I have two datasets and I need to split them into dev, train and test. The first one is a regular dataset where in each line there is a sentence along with a label. I found the following code in a post in TowardsDataScience which is perfect for this dataset:
import pandas as pd
df = pd.read_csv('/kaggle/input/bluebook-for-bulldozers/TrainAndValid.csv', parse_dates=['saledate'], low_memory=False)
from fast_ml.model_development import train_valid_test_split
X_train, y_train, X_valid, y_valid, X_test, y_test = train_valid_test_split(df, target = 'SalePrice',
train_size=0.8, valid_size=0.1, test_size=0.1)
print(X_train.shape), print(y_train.shape)
print(X_valid.shape), print(y_valid.shape)

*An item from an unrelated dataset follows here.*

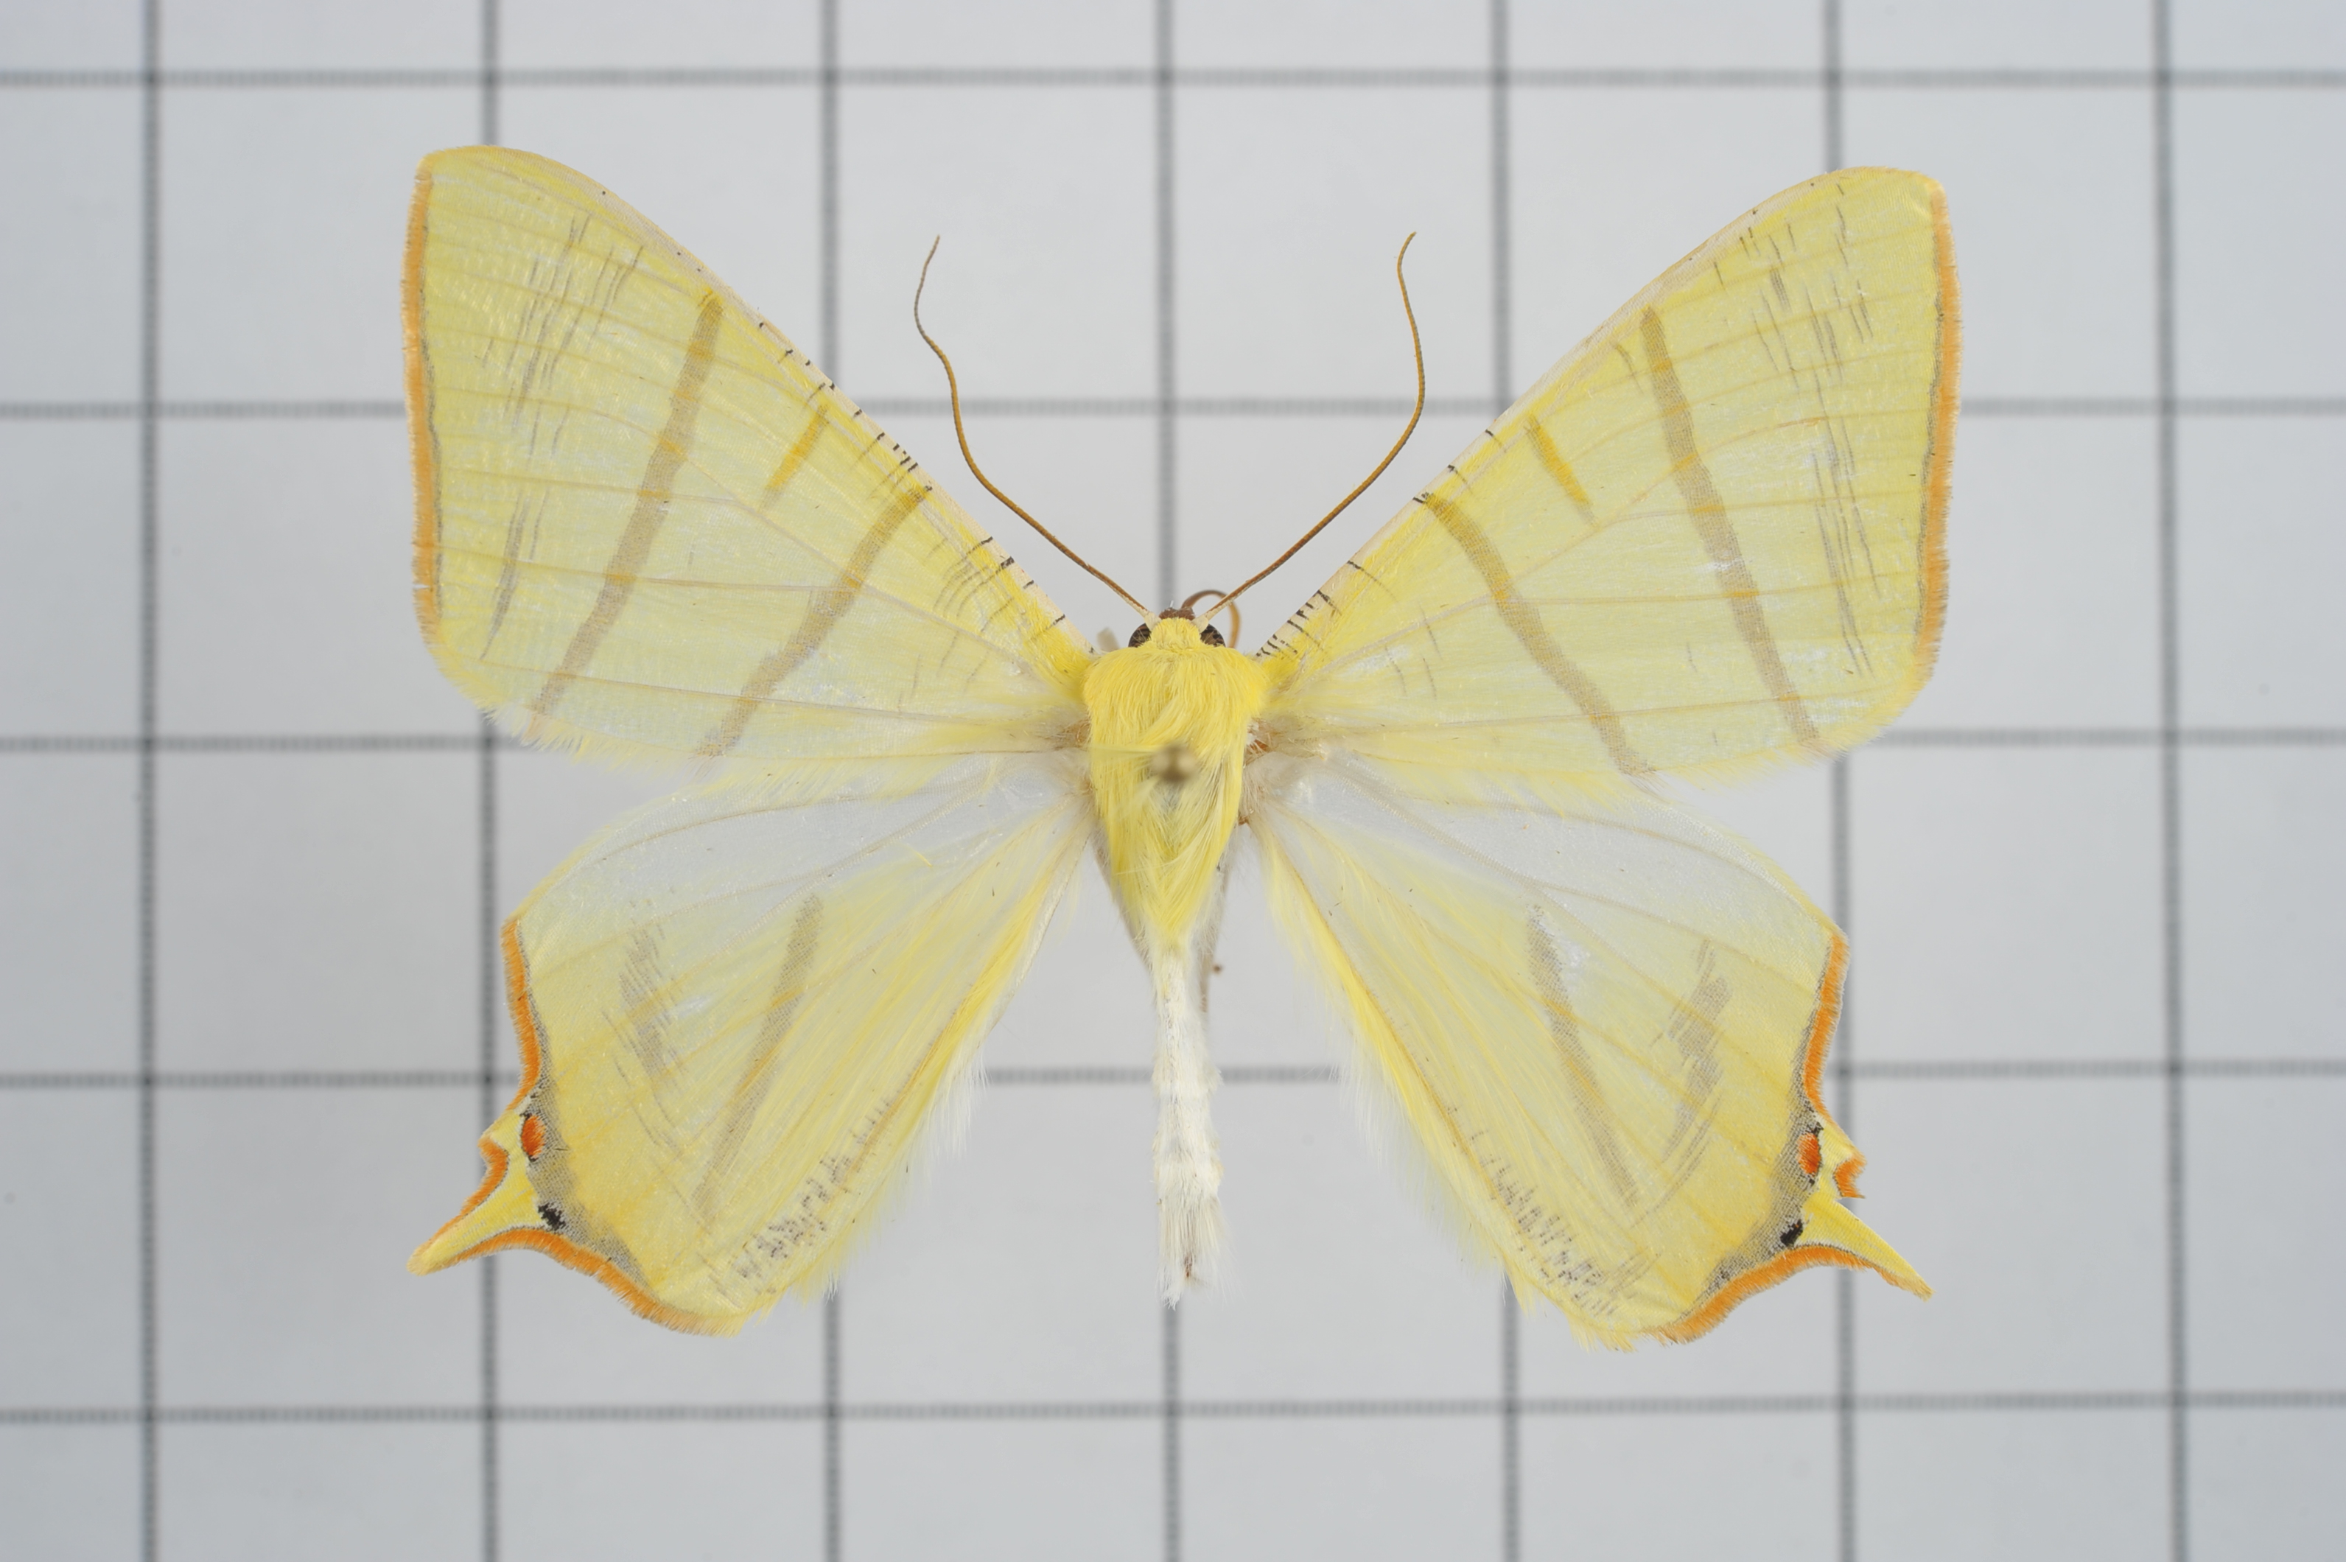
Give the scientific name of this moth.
Ourapteryx sciticaudaria
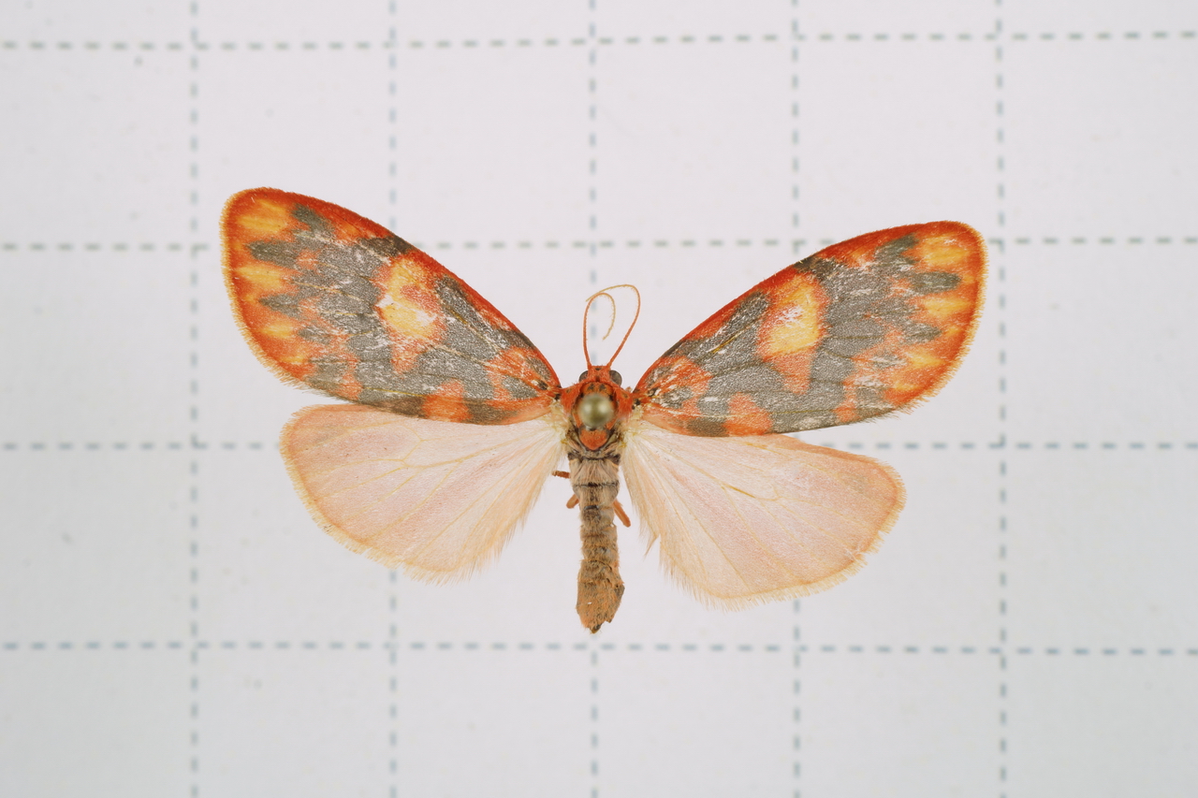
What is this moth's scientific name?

print(X_test.shape), print(y_test.shape)
However, my second dataset follows the CONLL format and the sentences of the text are split into tokens and each line contains a token with its label (bio tagging); with new lines separating the different sentences.
E.g.
token label
Also O
, O
outdoor B-claim
activities I-claim
enable I-claim
me I-claim
to I-claim
socialize I-claim
with I-claim
other I-claim
people I-claim
and I-claim
enjoy I-claim
natural I-claim
beauty I-claim
. O
There O
are O
strong O
advantages O
to O
spend O
leisure O
time O
outdoors O
. O
I want to also split this dataset into dev, train and test, ensuring that no sentence is split across the different datasets. Is there any library, like scikit-learn or fast_ml (used above), that support splitting datasets of this format?